10 Terrible Movies That Were Actually Groundbreaking
3. Billy Lynn's Long Halftime Walk Was The First 120fps Feature Film
Ang Lee's 2016 drama Billy Lynn's Long Halftime Walk fell far short of its early awards buzz, receiving wildly mixed reviews for its unconvincing and mawkish drama, despite a solid central performance from Joe Alwyn.
The sticking point for many critics and viewers alike, however, also happened to be the film's big technological innovation - Lee's decision to shoot and exhibit it at 120 frames per second.
Rather than stick to the tried-and-true typical cinematic framerate of 24fps, Lee shot the movie with five times that many frames, making it the first feature film in history shot and screened at 120fps, far outpacing Peter Jackson's Hobbit films, which opted for a "mere" 48fps.

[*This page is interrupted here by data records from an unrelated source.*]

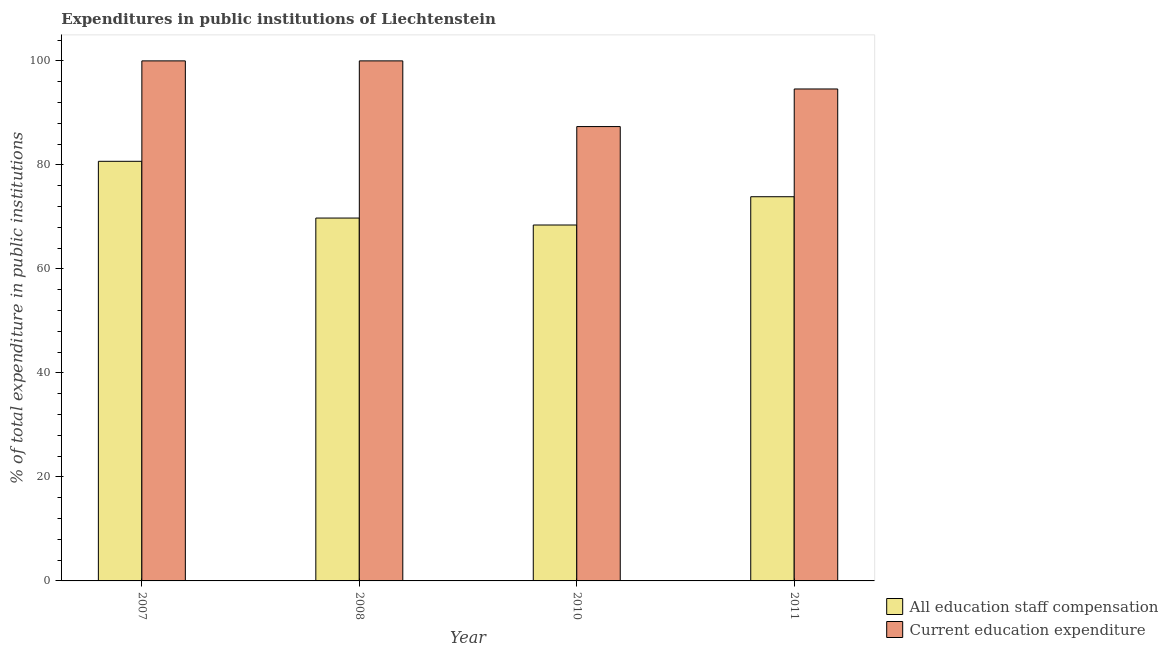How many groups of bars are there?
Your response must be concise. 4. Are the number of bars on each tick of the X-axis equal?
Offer a very short reply. Yes. How many bars are there on the 4th tick from the left?
Your response must be concise. 2. What is the label of the 2nd group of bars from the left?
Keep it short and to the point. 2008. What is the expenditure in staff compensation in 2011?
Offer a terse response. 73.88. Across all years, what is the maximum expenditure in staff compensation?
Make the answer very short. 80.69. Across all years, what is the minimum expenditure in education?
Your answer should be compact. 87.37. In which year was the expenditure in education maximum?
Your response must be concise. 2007. In which year was the expenditure in education minimum?
Make the answer very short. 2010. What is the total expenditure in education in the graph?
Provide a succinct answer. 381.97. What is the difference between the expenditure in education in 2008 and that in 2011?
Your answer should be compact. 5.4. What is the difference between the expenditure in staff compensation in 2008 and the expenditure in education in 2007?
Give a very brief answer. -10.92. What is the average expenditure in education per year?
Your answer should be compact. 95.49. In the year 2007, what is the difference between the expenditure in education and expenditure in staff compensation?
Provide a short and direct response. 0. What is the ratio of the expenditure in staff compensation in 2008 to that in 2010?
Your answer should be very brief. 1.02. Is the difference between the expenditure in education in 2010 and 2011 greater than the difference between the expenditure in staff compensation in 2010 and 2011?
Your response must be concise. No. What is the difference between the highest and the lowest expenditure in education?
Give a very brief answer. 12.63. In how many years, is the expenditure in education greater than the average expenditure in education taken over all years?
Provide a short and direct response. 2. Is the sum of the expenditure in staff compensation in 2010 and 2011 greater than the maximum expenditure in education across all years?
Ensure brevity in your answer.  Yes. What does the 1st bar from the left in 2007 represents?
Ensure brevity in your answer.  All education staff compensation. What does the 2nd bar from the right in 2011 represents?
Make the answer very short. All education staff compensation. Are all the bars in the graph horizontal?
Keep it short and to the point. No. What is the difference between two consecutive major ticks on the Y-axis?
Keep it short and to the point. 20. Are the values on the major ticks of Y-axis written in scientific E-notation?
Your answer should be very brief. No. Does the graph contain any zero values?
Your answer should be compact. No. Does the graph contain grids?
Offer a terse response. No. How many legend labels are there?
Give a very brief answer. 2. How are the legend labels stacked?
Keep it short and to the point. Vertical. What is the title of the graph?
Your answer should be compact. Expenditures in public institutions of Liechtenstein. What is the label or title of the Y-axis?
Provide a succinct answer. % of total expenditure in public institutions. What is the % of total expenditure in public institutions of All education staff compensation in 2007?
Provide a succinct answer. 80.69. What is the % of total expenditure in public institutions of All education staff compensation in 2008?
Offer a very short reply. 69.77. What is the % of total expenditure in public institutions in Current education expenditure in 2008?
Give a very brief answer. 100. What is the % of total expenditure in public institutions in All education staff compensation in 2010?
Your answer should be compact. 68.44. What is the % of total expenditure in public institutions in Current education expenditure in 2010?
Provide a short and direct response. 87.37. What is the % of total expenditure in public institutions of All education staff compensation in 2011?
Offer a terse response. 73.88. What is the % of total expenditure in public institutions in Current education expenditure in 2011?
Provide a short and direct response. 94.6. Across all years, what is the maximum % of total expenditure in public institutions of All education staff compensation?
Provide a short and direct response. 80.69. Across all years, what is the maximum % of total expenditure in public institutions in Current education expenditure?
Give a very brief answer. 100. Across all years, what is the minimum % of total expenditure in public institutions in All education staff compensation?
Offer a very short reply. 68.44. Across all years, what is the minimum % of total expenditure in public institutions of Current education expenditure?
Keep it short and to the point. 87.37. What is the total % of total expenditure in public institutions of All education staff compensation in the graph?
Provide a succinct answer. 292.78. What is the total % of total expenditure in public institutions of Current education expenditure in the graph?
Keep it short and to the point. 381.97. What is the difference between the % of total expenditure in public institutions of All education staff compensation in 2007 and that in 2008?
Keep it short and to the point. 10.92. What is the difference between the % of total expenditure in public institutions of All education staff compensation in 2007 and that in 2010?
Your response must be concise. 12.25. What is the difference between the % of total expenditure in public institutions of Current education expenditure in 2007 and that in 2010?
Keep it short and to the point. 12.63. What is the difference between the % of total expenditure in public institutions of All education staff compensation in 2007 and that in 2011?
Offer a very short reply. 6.81. What is the difference between the % of total expenditure in public institutions of Current education expenditure in 2007 and that in 2011?
Your answer should be compact. 5.4. What is the difference between the % of total expenditure in public institutions in All education staff compensation in 2008 and that in 2010?
Ensure brevity in your answer.  1.34. What is the difference between the % of total expenditure in public institutions of Current education expenditure in 2008 and that in 2010?
Offer a terse response. 12.63. What is the difference between the % of total expenditure in public institutions in All education staff compensation in 2008 and that in 2011?
Keep it short and to the point. -4.1. What is the difference between the % of total expenditure in public institutions in Current education expenditure in 2008 and that in 2011?
Your answer should be compact. 5.4. What is the difference between the % of total expenditure in public institutions of All education staff compensation in 2010 and that in 2011?
Offer a very short reply. -5.44. What is the difference between the % of total expenditure in public institutions of Current education expenditure in 2010 and that in 2011?
Keep it short and to the point. -7.23. What is the difference between the % of total expenditure in public institutions in All education staff compensation in 2007 and the % of total expenditure in public institutions in Current education expenditure in 2008?
Offer a terse response. -19.31. What is the difference between the % of total expenditure in public institutions in All education staff compensation in 2007 and the % of total expenditure in public institutions in Current education expenditure in 2010?
Your response must be concise. -6.68. What is the difference between the % of total expenditure in public institutions in All education staff compensation in 2007 and the % of total expenditure in public institutions in Current education expenditure in 2011?
Make the answer very short. -13.91. What is the difference between the % of total expenditure in public institutions in All education staff compensation in 2008 and the % of total expenditure in public institutions in Current education expenditure in 2010?
Offer a terse response. -17.59. What is the difference between the % of total expenditure in public institutions of All education staff compensation in 2008 and the % of total expenditure in public institutions of Current education expenditure in 2011?
Ensure brevity in your answer.  -24.82. What is the difference between the % of total expenditure in public institutions of All education staff compensation in 2010 and the % of total expenditure in public institutions of Current education expenditure in 2011?
Provide a succinct answer. -26.16. What is the average % of total expenditure in public institutions of All education staff compensation per year?
Offer a terse response. 73.2. What is the average % of total expenditure in public institutions in Current education expenditure per year?
Provide a succinct answer. 95.49. In the year 2007, what is the difference between the % of total expenditure in public institutions of All education staff compensation and % of total expenditure in public institutions of Current education expenditure?
Ensure brevity in your answer.  -19.31. In the year 2008, what is the difference between the % of total expenditure in public institutions in All education staff compensation and % of total expenditure in public institutions in Current education expenditure?
Your answer should be compact. -30.23. In the year 2010, what is the difference between the % of total expenditure in public institutions in All education staff compensation and % of total expenditure in public institutions in Current education expenditure?
Keep it short and to the point. -18.93. In the year 2011, what is the difference between the % of total expenditure in public institutions of All education staff compensation and % of total expenditure in public institutions of Current education expenditure?
Ensure brevity in your answer.  -20.72. What is the ratio of the % of total expenditure in public institutions in All education staff compensation in 2007 to that in 2008?
Your answer should be very brief. 1.16. What is the ratio of the % of total expenditure in public institutions of All education staff compensation in 2007 to that in 2010?
Provide a succinct answer. 1.18. What is the ratio of the % of total expenditure in public institutions in Current education expenditure in 2007 to that in 2010?
Your answer should be compact. 1.14. What is the ratio of the % of total expenditure in public institutions in All education staff compensation in 2007 to that in 2011?
Provide a succinct answer. 1.09. What is the ratio of the % of total expenditure in public institutions in Current education expenditure in 2007 to that in 2011?
Your response must be concise. 1.06. What is the ratio of the % of total expenditure in public institutions of All education staff compensation in 2008 to that in 2010?
Your answer should be very brief. 1.02. What is the ratio of the % of total expenditure in public institutions in Current education expenditure in 2008 to that in 2010?
Give a very brief answer. 1.14. What is the ratio of the % of total expenditure in public institutions in All education staff compensation in 2008 to that in 2011?
Your answer should be compact. 0.94. What is the ratio of the % of total expenditure in public institutions in Current education expenditure in 2008 to that in 2011?
Your answer should be very brief. 1.06. What is the ratio of the % of total expenditure in public institutions of All education staff compensation in 2010 to that in 2011?
Keep it short and to the point. 0.93. What is the ratio of the % of total expenditure in public institutions of Current education expenditure in 2010 to that in 2011?
Your response must be concise. 0.92. What is the difference between the highest and the second highest % of total expenditure in public institutions of All education staff compensation?
Your response must be concise. 6.81. What is the difference between the highest and the lowest % of total expenditure in public institutions in All education staff compensation?
Ensure brevity in your answer.  12.25. What is the difference between the highest and the lowest % of total expenditure in public institutions of Current education expenditure?
Your answer should be compact. 12.63.

Oh, and because that wasn't enough, Lee also released it in 3D.
Yet ultimately the 120fps presentation was massively polarising, with many decrying that the overly smooth, digital look it created felt inappropriate for a drama film, in turn making it look paradoxically cheap.
All the same, it's impressive and ballsy that Lee dared to go there at all, and not one to be deterred, he also shot his next movie, sci-fi thriller Gemini Man, at 120fps. Again though, neither critics nor general audiences were particularly enamoured with this boundary-breaking tech leap.
Viewers en masse are so used to 24fps as "the cinematic frame-rate" that any deviation becomes tough for them to parse.
In pure filmmaking terms 120fps provides greater image data and clarity, even if that's evidently not what most audiences are actually craving.